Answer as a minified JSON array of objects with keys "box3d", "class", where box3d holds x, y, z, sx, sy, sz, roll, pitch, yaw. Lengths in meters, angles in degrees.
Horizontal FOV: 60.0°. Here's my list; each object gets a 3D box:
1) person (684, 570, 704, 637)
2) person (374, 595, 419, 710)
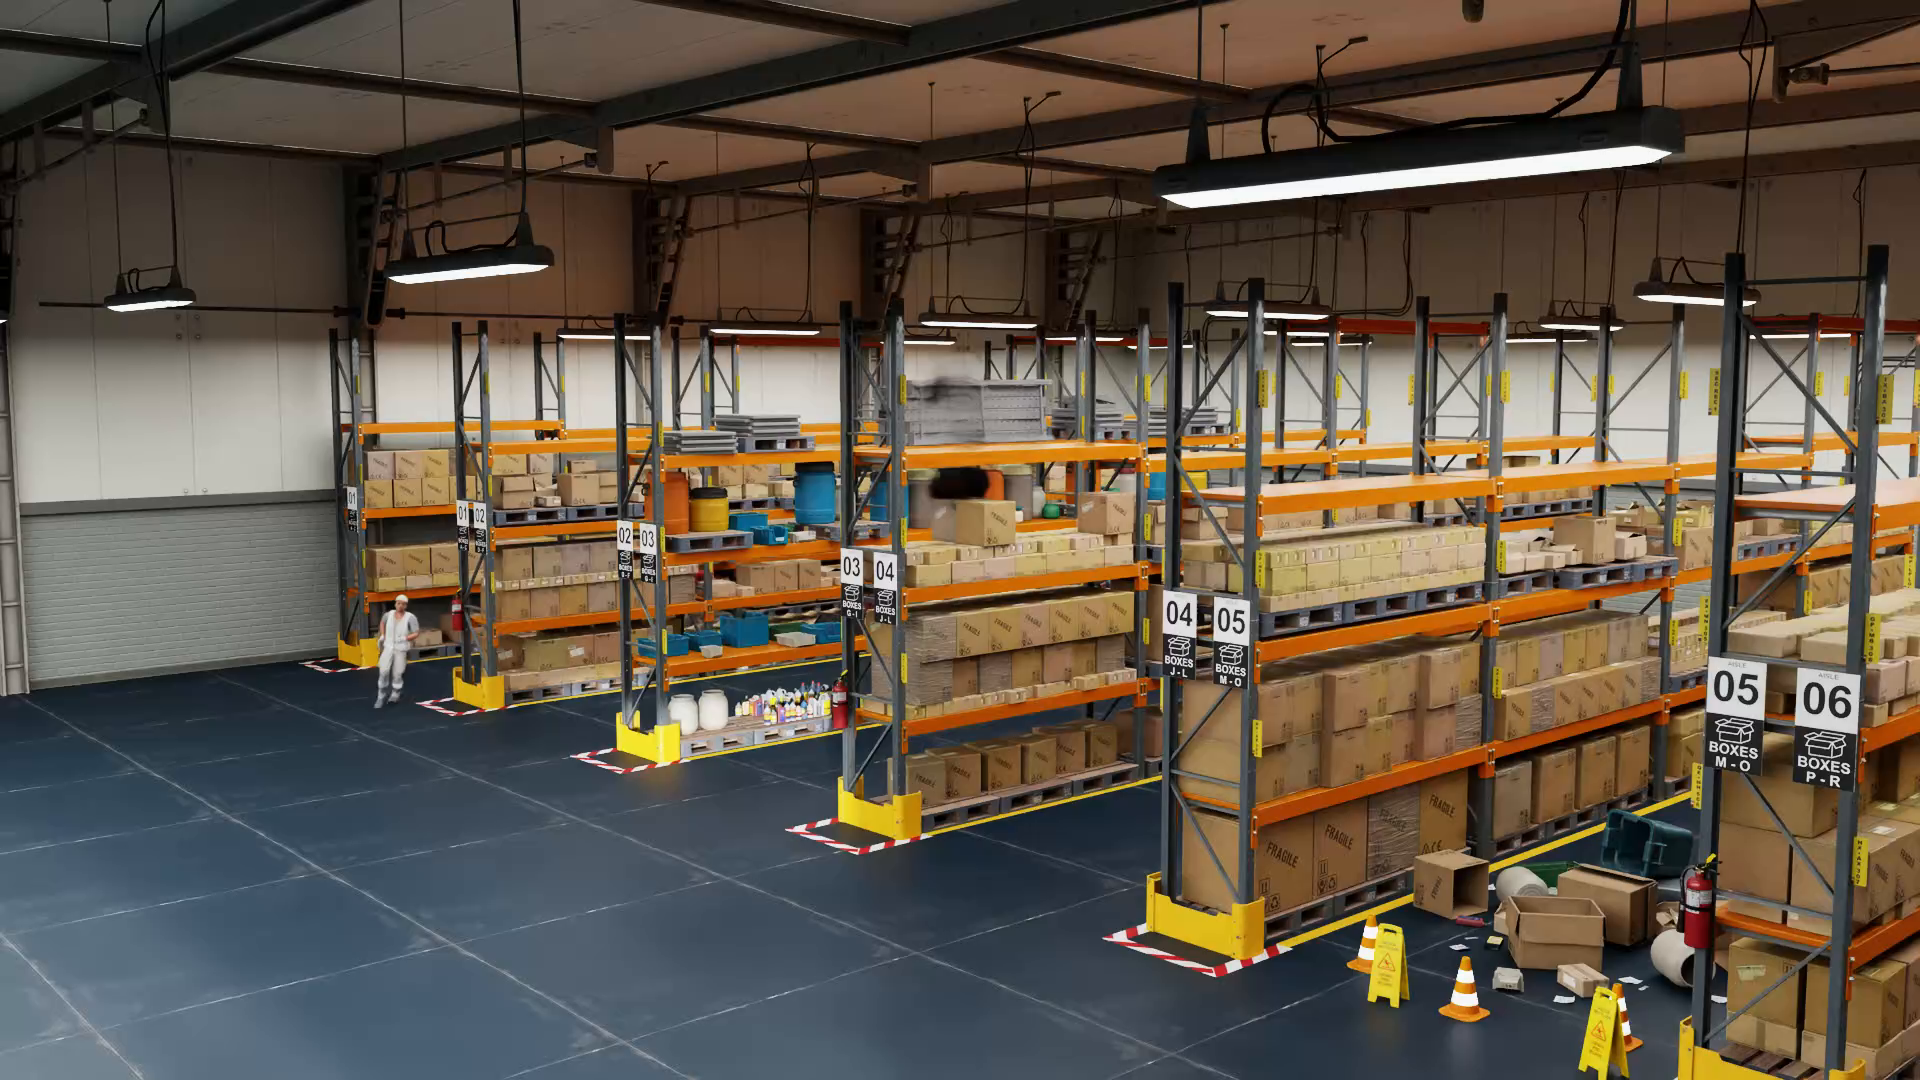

WHAT TO DO: Using the material above, filter for lines holding "person" and copy each one.

RESULT FOR THIS EXERCISE:
1) person (684, 570, 704, 637)
2) person (374, 595, 419, 710)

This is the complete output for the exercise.